Now we can look at the sorted list and pick out the terms that are most strongly associated with receiving pizza, based on number of occurrances and probability. Setting lower thresholds tends to yield the best results on the dev data, but when submitting to Kaggle, more restrictive lists work better.

In [64]:
# print contents of the tuple list based on conditions
wordlist = []

for item in probs:
    # print tuple if word occurs in at least 10 successful requests and 45% of occurrences are in successful requests
    if item[1] >= 15 and item[2] >= .4:
        #print item
        wordlist.append(item[0])

# this just prints the words. handy if you want to paste list directly into code
print wordlist

[u'cover', u'current', u'jpg', u'exchange', u'normally', u'aren', u'father', u'rice', u'especially', u'second', u'posted', u'considering', u'meals', u'bucks', u'rather', u'receive', u'deal', u'aid', u'tight', u'imgur', u'tough', u'expenses', u'beans', u'visit', u'daughter', u'call', u'checking', u'details', u'cheap', u'financially', u'assistance', u'sunday']

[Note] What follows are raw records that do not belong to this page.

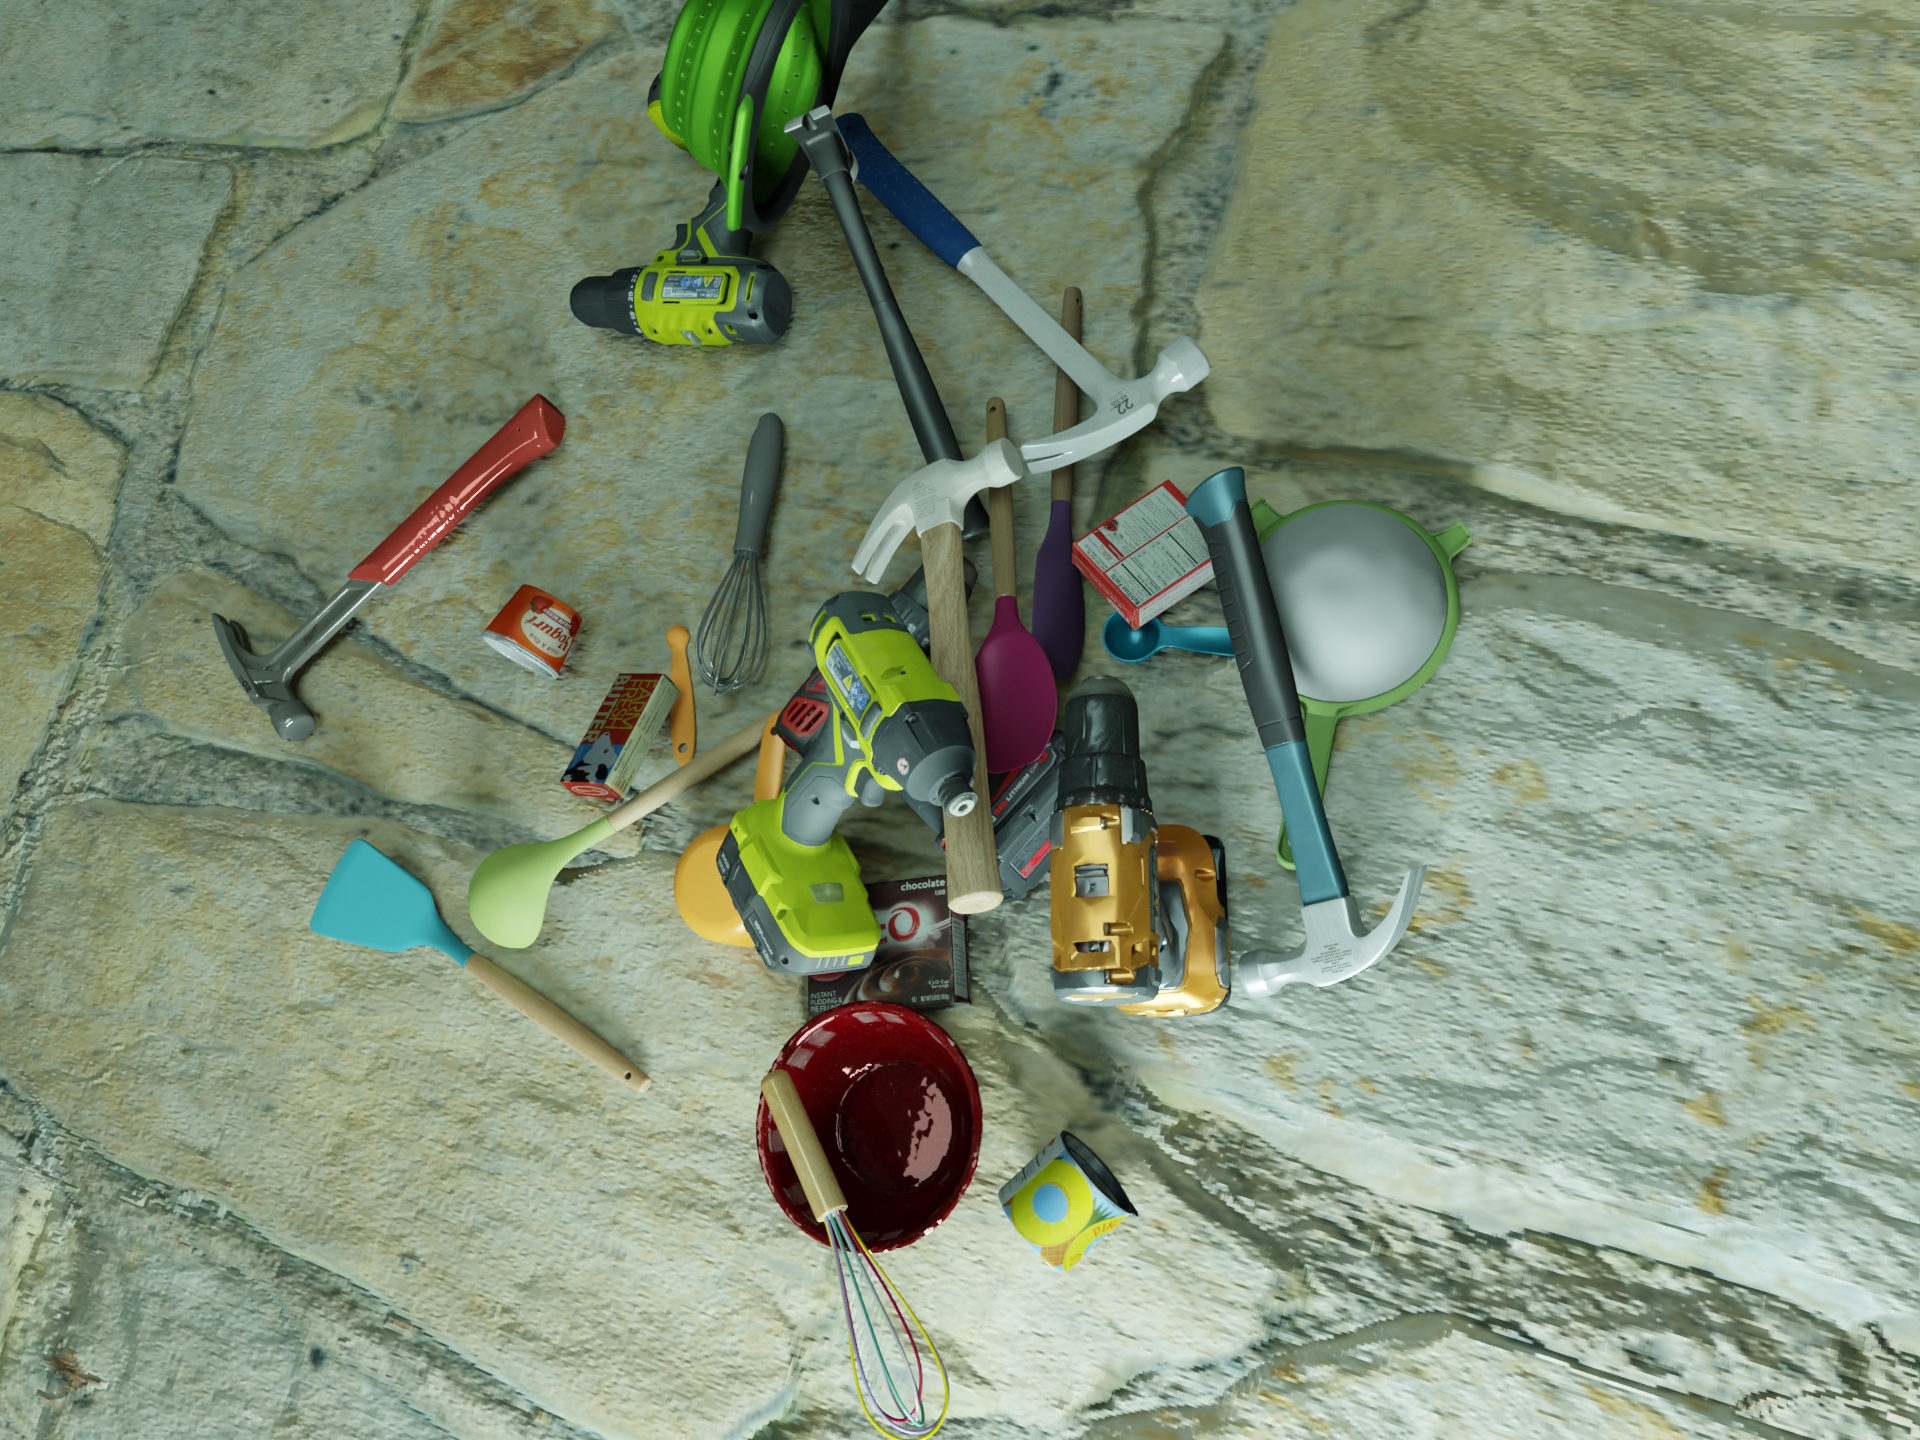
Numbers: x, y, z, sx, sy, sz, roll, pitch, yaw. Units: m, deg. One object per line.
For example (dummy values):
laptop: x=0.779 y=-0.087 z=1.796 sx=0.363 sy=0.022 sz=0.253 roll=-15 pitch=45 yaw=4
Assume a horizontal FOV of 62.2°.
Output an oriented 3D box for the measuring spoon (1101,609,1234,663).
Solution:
measuring spoon: x=0.163 y=-0.053 z=1.103 sx=0.128 sy=0.021 sz=0.042 roll=6 pitch=72 yaw=12

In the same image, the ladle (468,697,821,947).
ladle: x=-0.236 y=0.068 z=1.205 sx=0.320 sy=0.062 sz=0.078 roll=-32 pitch=61 yaw=2

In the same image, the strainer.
strainer: x=0.237 y=-0.032 z=1.031 sx=0.151 sy=0.069 sz=0.256 roll=10 pitch=79 yaw=17

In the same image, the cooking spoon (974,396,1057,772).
cooking spoon: x=0.031 y=-0.104 z=1.107 sx=0.069 sy=0.017 sz=0.319 roll=-18 pitch=55 yaw=24

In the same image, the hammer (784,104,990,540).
hammer: x=-0.050 y=-0.290 z=1.167 sx=0.035 sy=0.146 sz=0.335 roll=-21 pitch=88 yaw=6

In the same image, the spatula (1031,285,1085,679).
spatula: x=0.076 y=-0.179 z=1.155 sx=0.018 sy=0.059 sz=0.316 roll=-14 pitch=64 yaw=39

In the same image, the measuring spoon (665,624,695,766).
measuring spoon: x=-0.218 y=-0.020 z=1.233 sx=0.021 sy=0.011 sz=0.117 roll=-12 pitch=71 yaw=17

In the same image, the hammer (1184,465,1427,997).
hammer: x=0.201 y=0.002 z=1.007 sx=0.128 sy=0.033 sz=0.331 roll=-18 pitch=82 yaw=32

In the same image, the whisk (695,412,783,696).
whisk: x=-0.165 y=-0.131 z=1.228 sx=0.055 sy=0.055 sz=0.239 roll=1 pitch=71 yaw=20

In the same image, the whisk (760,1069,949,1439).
whisk: x=-0.075 y=0.332 z=1.000 sx=0.047 sy=0.051 sz=0.245 roll=-36 pitch=63 yaw=14

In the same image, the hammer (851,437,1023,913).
hammer: x=-0.007 y=-0.030 z=1.057 sx=0.130 sy=0.031 sz=0.332 roll=-20 pitch=59 yaw=26

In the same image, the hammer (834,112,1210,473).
hammer: x=0.009 y=-0.343 z=1.210 sx=0.144 sy=0.035 sz=0.406 roll=-37 pitch=61 yaw=-3

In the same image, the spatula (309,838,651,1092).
spatula: x=-0.360 y=0.196 z=1.205 sx=0.318 sy=0.044 sz=0.082 roll=27 pitch=89 yaw=24

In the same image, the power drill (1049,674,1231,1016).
power drill: x=0.106 y=0.087 z=0.963 sx=0.084 sy=0.226 sz=0.185 roll=-6 pitch=73 yaw=19

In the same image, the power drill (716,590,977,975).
power drill: x=-0.070 y=0.053 z=1.016 sx=0.171 sy=0.080 sz=0.223 roll=57 pitch=133 yaw=36

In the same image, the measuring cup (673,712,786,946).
measuring cup: x=-0.156 y=0.077 z=1.149 sx=0.095 sy=0.052 sz=0.174 roll=7 pitch=85 yaw=23

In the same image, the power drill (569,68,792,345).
power drill: x=-0.220 y=-0.420 z=1.316 sx=0.190 sy=0.080 sz=0.228 roll=7 pitch=80 yaw=21

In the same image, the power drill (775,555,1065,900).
power drill: x=-0.002 y=-0.004 z=1.115 sx=0.227 sy=0.080 sz=0.188 roll=38 pitch=85 yaw=29

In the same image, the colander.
colander: x=-0.134 y=-0.533 z=1.226 sx=0.094 sy=0.204 sz=0.397 roll=21 pitch=51 yaw=2

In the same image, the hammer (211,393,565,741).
hammer: x=-0.481 y=-0.150 z=1.355 sx=0.359 sy=0.036 sz=0.149 roll=-42 pitch=65 yaw=5

##Appendix B: The cutting room floor
There were a number of features and other experiments we tried that didn't work out. These are listed here to give a sense of the other things we tried that didn't positively impact prediction accuracy:

* Normalizing numeric data so it is contained on the interval [0,1]
* Using log and inverse transforms to correct skew in numeric features
* Extracting other features from the timestamp, such as time, day of the week, month, etc.
* Using textBlob to calculate sentiment analysis and code it as a feature
* Using NLTK to perform part-of-speech tagging and coding occurrences of certain words as features (proper nouns, adjectives, adverbs, etc.)